Multiple chaotic central pattern generators with learning for legged locomotion and malfunction compensation
Ren, Guanjiao, Chen, Weihai, Dasgupta, Sakyasingha, Kolodziejski, Christoph, Wörgötter, Florentin, Manoonpong, Poramate
An originally chaotic system can be controlled into various periodic dynamics. When it is implemented into a legged robot's locomotion control as a central pattern generator (CPG), sophisticated gait patterns arise so that the robot can perform various walking behaviors. However, such a single chaotic CPG controller has difficulties dealing with leg malfunction. Specifically, in the scenarios presented here, its movement permanently deviates from the desired trajectory. To address this problem, we extend the single chaotic CPG to multiple CPGs with learning. The learning mechanism is based on a simulated annealing algorithm. In a normal situation, the CPGs synchronize and their dynamics are identical. With leg malfunction or disability, the CPGs lose synchronization leading to independent dynamics. In this case, the learning mechanism is applied to automatically adjust the remaining legs' oscillation frequencies so that the robot adapts its locomotion to deal with the malfunction.

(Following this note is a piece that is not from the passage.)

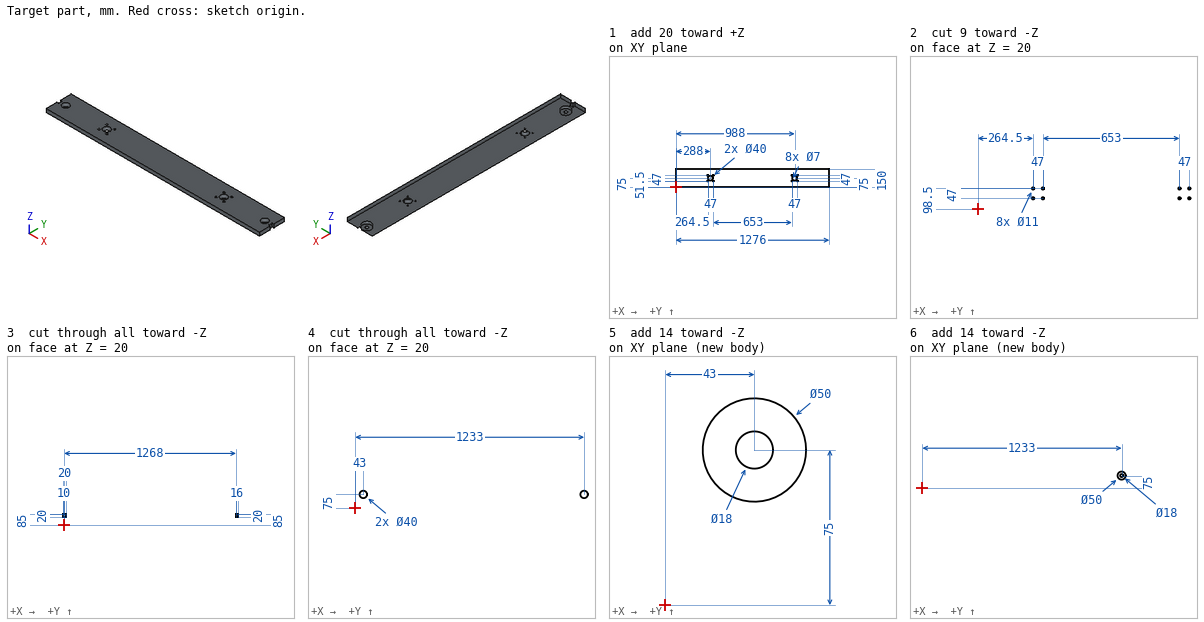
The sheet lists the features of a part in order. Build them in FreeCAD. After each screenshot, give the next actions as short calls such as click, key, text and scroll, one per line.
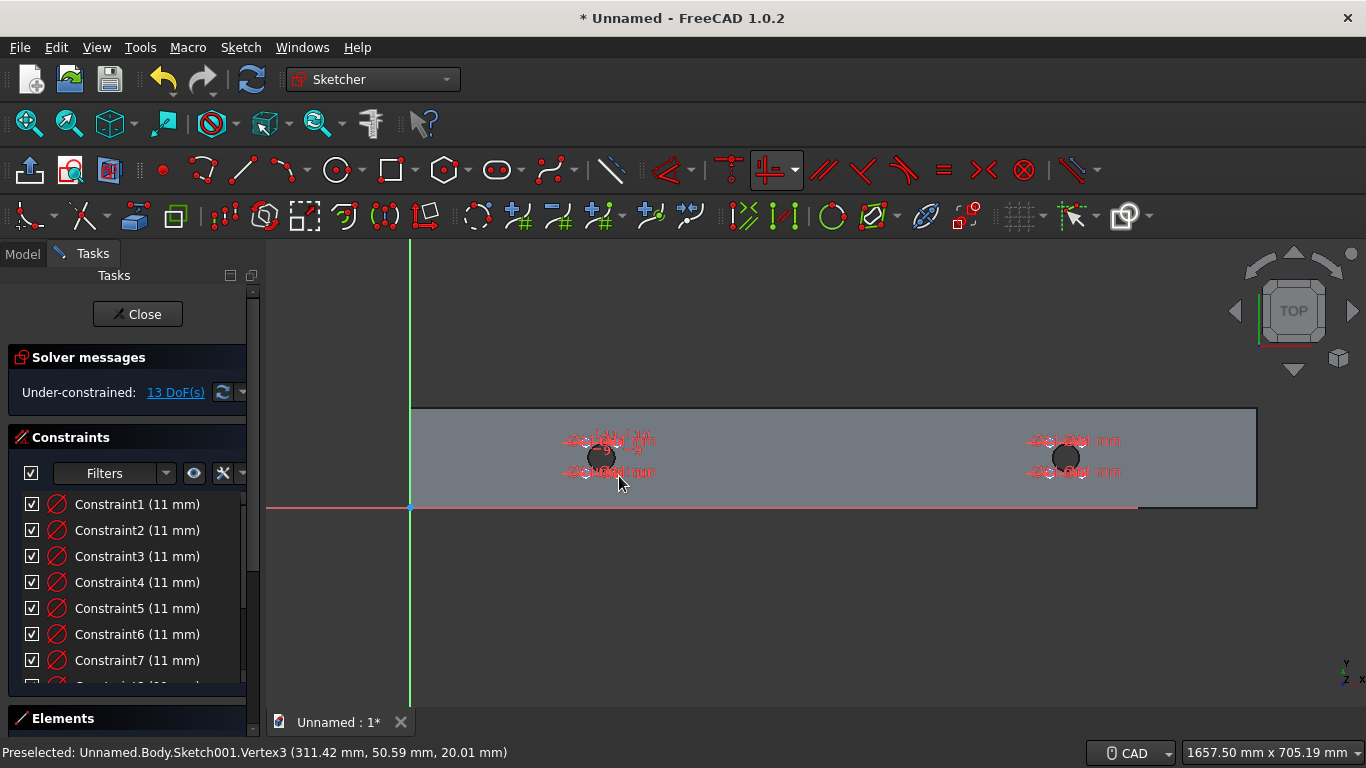
click(586, 474)

As a consequence, the trajectory produced by the multiple chaotic CPGs resembles the original trajectory far better than the one produced by only a single CPG. The performance of the system is evaluated first in a physical simulation of a quadruped as well as a hexapod robot and finally in a real six-legged walking machine called AMOSII. The experimental results presented here reveal that using multiple CPGs with learning is an effective approach for adaptive locomotion generation where, for instance, different body parts have to perform independent movements for malfunction compensation.